Six of the justices ruled that there was a lack of solid legal evidence that Cacho’s rights were abused during her brief time in a jail cell, or that authorities conspired to take action against her.

Fabián Sánchez, head of the Mexican Commission for the Defence and Promotion of Human Rights, described the Supreme Court verdict as "terrible."

"With this kind of sentence, human rights are undermined even further. It was very clear to everyone that Cacho was a victim," he told IPS.

The leaked phone conversations indicated that Marín’s plan was to have Cacho, who is the director of a Cancún women’s shelter, raped and tortured in the Puebla prison.

But local human rights groups and international organisations like Amnesty International, the World Organisation Against Torture and the Inter-American Press Association immediately raised an outcry, and Cacho was released on bail.

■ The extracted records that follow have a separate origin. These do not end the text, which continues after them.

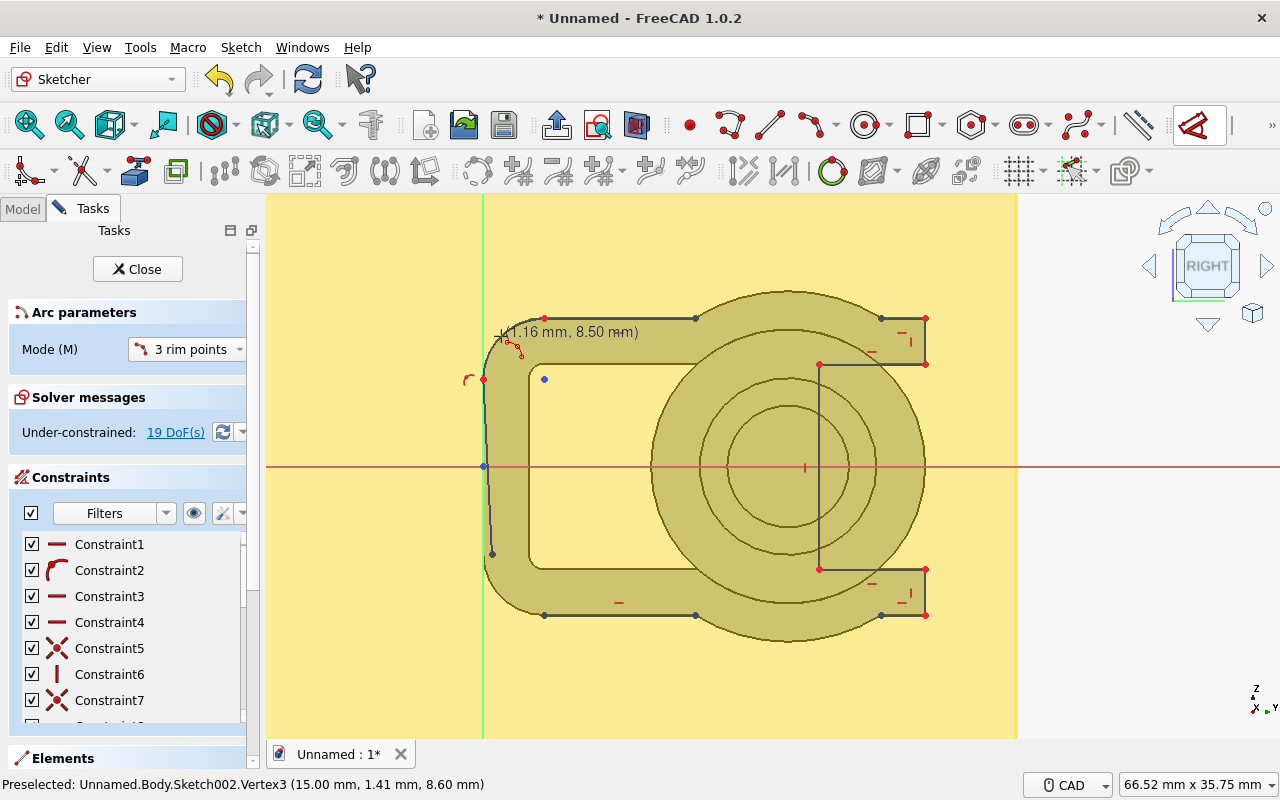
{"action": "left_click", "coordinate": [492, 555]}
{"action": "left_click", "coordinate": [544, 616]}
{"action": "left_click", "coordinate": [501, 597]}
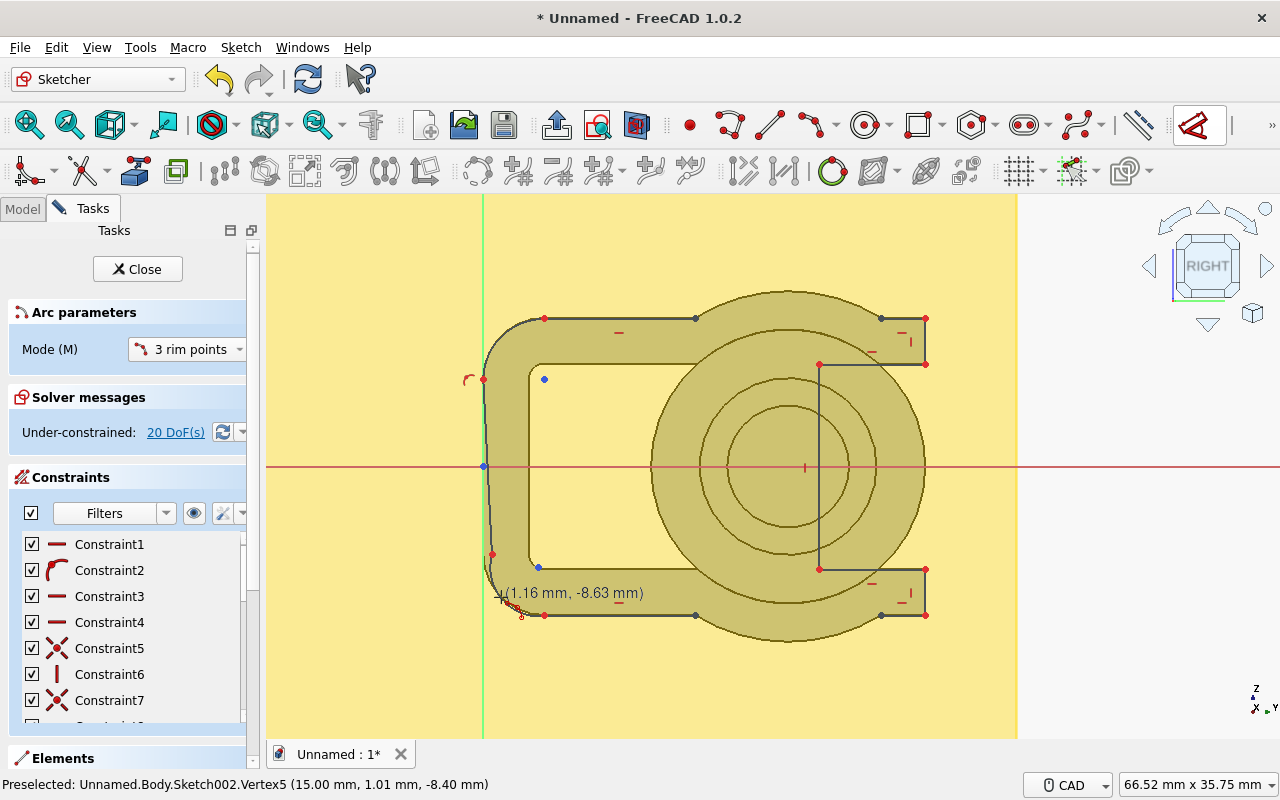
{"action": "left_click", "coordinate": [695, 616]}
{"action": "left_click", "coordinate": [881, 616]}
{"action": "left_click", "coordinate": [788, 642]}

Marín, of the Institutional Revolutionary Party, which governed Mexico non-stop from 1929 to 2000, consistently denied that it was his voice on the tapes. However, independent experts, as well as other participants in the conversations, said that it was him.

"We can accept that evidence like this (the illegal tape recordings) cannot be seen as proof in a court of law, but in the context of the case, and alongside the rest of the evidence, the governor’s guilt was very clear," said Sánchez.

"We have all been left defenceless by this Supreme Court ruling. If justice can't be found in the highest court, then where can it be found?" the activist asked. The Supreme Court only carries out inquiries into alleged human rights violations in extraordinary cases, and when it has been requested to do so by other branches of the state, or when the abuses are considered to have had broad repercussions. However, it merely hands down an opinion, without deciding on sanctions.

"What we have discovered through Cacho’s case is that justice in general is failing us. The entire foundation of the system is in bad condition, and the Court cannot remedy that," said Sánchez.

In earlier interviews with IPS, Cacho said "Mexico is a paradise for child prostitution and pornography, because these rings have enough economic power to corrupt and operate with impunity."

Her book contains the personal accounts of young girls about the sexual abuse they suffered at the hands of the child prostitution and pornography racket allegedly run by Succar.

"Who wouldn't be afraid of these people? I'm afraid of them, and I have no doubt that the strings pulled by child pornographers are behind the trial I'm facing," she said at the time.

In the book, the girls describe how the hotel owner sexually abused them himself, set up a prostitution ring to allow others to have sex with them, and photographed them to sell the pornographic images on the Internet.

A 2004 study by researcher Elena Azaola, which estimated that some 17,000 children under the age of 18 are victims of the sex trade in Mexico, is also based on interviews with minors who managed to escape, as well as visits to establishments where underage girls and boys are forced to work as prostitutes. Her report was sponsored by the United Nations Children’s Fund (UNICEF).